**WHAT YOU NEED TO DO:**
Every line below from the one containing "2) butter [423,439,543,569]" through the one containing "5) ice cream [333,472,464,594]" must be transcribed exactly. Omit all lines outside that stretch.

=-=-=-=-=

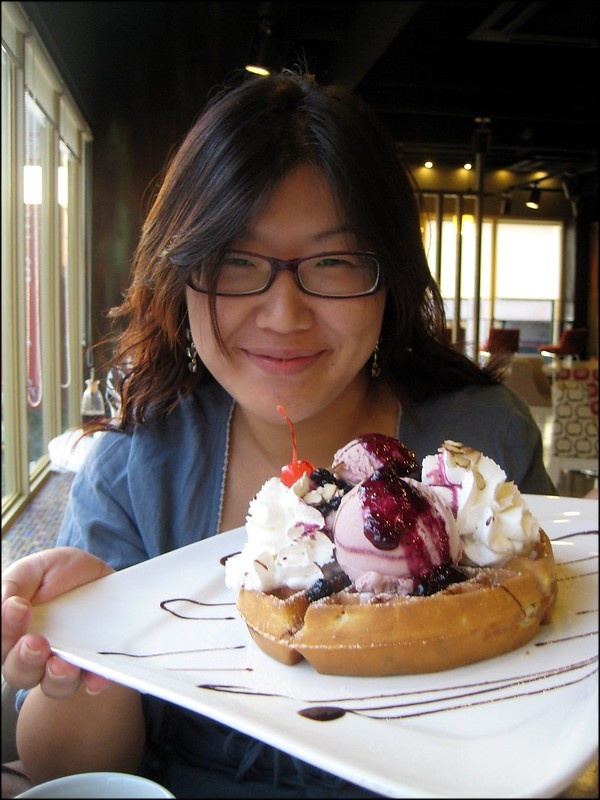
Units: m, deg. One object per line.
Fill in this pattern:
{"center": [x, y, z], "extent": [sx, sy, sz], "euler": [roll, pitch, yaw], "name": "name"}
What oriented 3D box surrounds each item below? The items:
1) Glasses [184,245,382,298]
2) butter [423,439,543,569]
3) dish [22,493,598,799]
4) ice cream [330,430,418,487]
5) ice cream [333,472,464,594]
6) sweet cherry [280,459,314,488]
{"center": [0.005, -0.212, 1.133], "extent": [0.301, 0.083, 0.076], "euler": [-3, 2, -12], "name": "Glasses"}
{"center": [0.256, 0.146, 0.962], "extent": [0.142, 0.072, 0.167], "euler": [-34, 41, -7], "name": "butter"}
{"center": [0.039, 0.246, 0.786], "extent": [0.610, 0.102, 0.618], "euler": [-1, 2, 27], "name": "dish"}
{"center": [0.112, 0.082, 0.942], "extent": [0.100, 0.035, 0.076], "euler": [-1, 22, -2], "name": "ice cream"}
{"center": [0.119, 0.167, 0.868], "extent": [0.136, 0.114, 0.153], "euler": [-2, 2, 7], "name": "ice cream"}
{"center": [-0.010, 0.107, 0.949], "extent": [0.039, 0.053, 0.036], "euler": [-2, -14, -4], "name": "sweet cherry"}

=-=-=-=-=

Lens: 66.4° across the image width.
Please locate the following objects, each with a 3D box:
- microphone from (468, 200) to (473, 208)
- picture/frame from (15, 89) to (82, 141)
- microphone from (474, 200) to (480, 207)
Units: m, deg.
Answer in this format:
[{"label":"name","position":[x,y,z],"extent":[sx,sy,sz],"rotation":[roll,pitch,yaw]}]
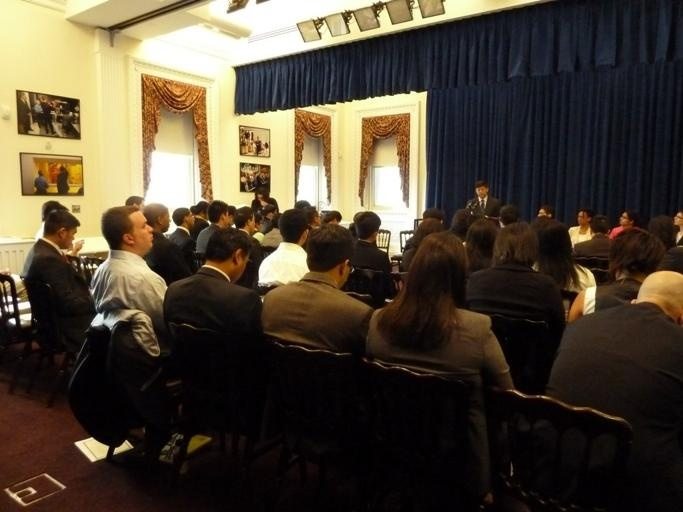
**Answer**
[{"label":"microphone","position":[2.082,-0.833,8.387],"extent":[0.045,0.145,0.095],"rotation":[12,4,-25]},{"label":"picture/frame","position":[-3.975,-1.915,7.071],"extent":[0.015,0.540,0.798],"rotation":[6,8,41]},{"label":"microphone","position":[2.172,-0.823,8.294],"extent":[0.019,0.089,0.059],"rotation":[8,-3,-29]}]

=-=-=-=-=

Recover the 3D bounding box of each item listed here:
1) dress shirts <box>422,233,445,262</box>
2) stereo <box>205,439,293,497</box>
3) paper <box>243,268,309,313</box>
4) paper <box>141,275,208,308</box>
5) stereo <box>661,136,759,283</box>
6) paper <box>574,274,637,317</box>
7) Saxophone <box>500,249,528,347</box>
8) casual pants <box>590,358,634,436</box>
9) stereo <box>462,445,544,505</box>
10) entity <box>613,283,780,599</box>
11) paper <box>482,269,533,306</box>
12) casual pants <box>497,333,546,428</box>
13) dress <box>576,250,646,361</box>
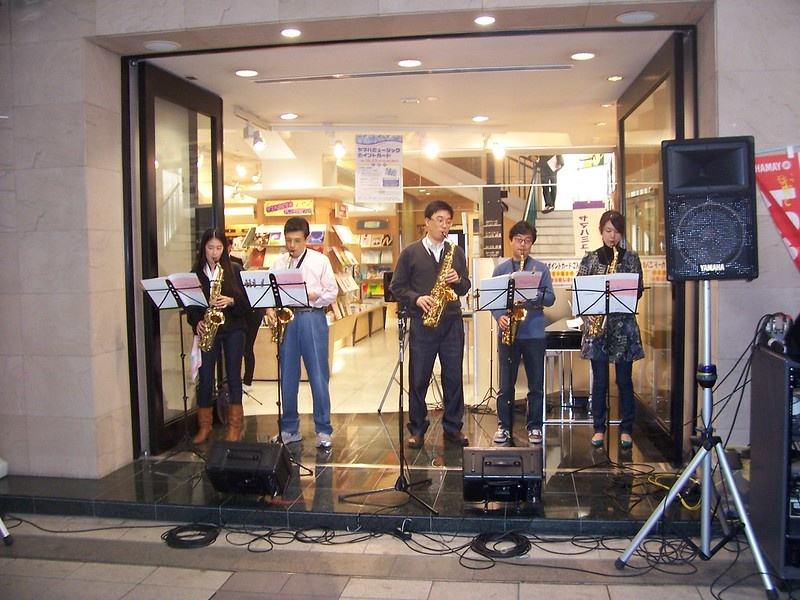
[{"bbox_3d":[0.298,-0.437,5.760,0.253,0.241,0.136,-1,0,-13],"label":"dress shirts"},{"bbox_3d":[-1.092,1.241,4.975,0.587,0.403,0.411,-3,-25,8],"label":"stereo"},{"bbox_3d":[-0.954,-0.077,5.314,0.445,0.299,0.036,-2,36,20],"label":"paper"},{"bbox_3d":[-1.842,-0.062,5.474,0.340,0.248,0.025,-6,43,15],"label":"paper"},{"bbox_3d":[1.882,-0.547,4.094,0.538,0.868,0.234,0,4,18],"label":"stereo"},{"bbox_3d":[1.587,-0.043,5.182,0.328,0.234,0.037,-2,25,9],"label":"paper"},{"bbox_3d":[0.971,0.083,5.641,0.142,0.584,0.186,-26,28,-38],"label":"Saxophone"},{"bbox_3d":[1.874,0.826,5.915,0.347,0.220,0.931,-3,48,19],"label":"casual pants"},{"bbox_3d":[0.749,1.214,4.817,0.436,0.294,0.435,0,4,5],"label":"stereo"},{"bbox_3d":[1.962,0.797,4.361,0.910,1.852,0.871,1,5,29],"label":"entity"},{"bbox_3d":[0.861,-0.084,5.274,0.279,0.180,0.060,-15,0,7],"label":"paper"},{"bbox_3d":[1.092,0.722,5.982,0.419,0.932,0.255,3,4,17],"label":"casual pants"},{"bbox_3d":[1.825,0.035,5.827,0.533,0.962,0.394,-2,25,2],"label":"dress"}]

=-=-=-=-=

**TASK RESULT:**
2) butter [423,439,543,569]
3) dish [22,493,598,799]
4) ice cream [330,430,418,487]
5) ice cream [333,472,464,594]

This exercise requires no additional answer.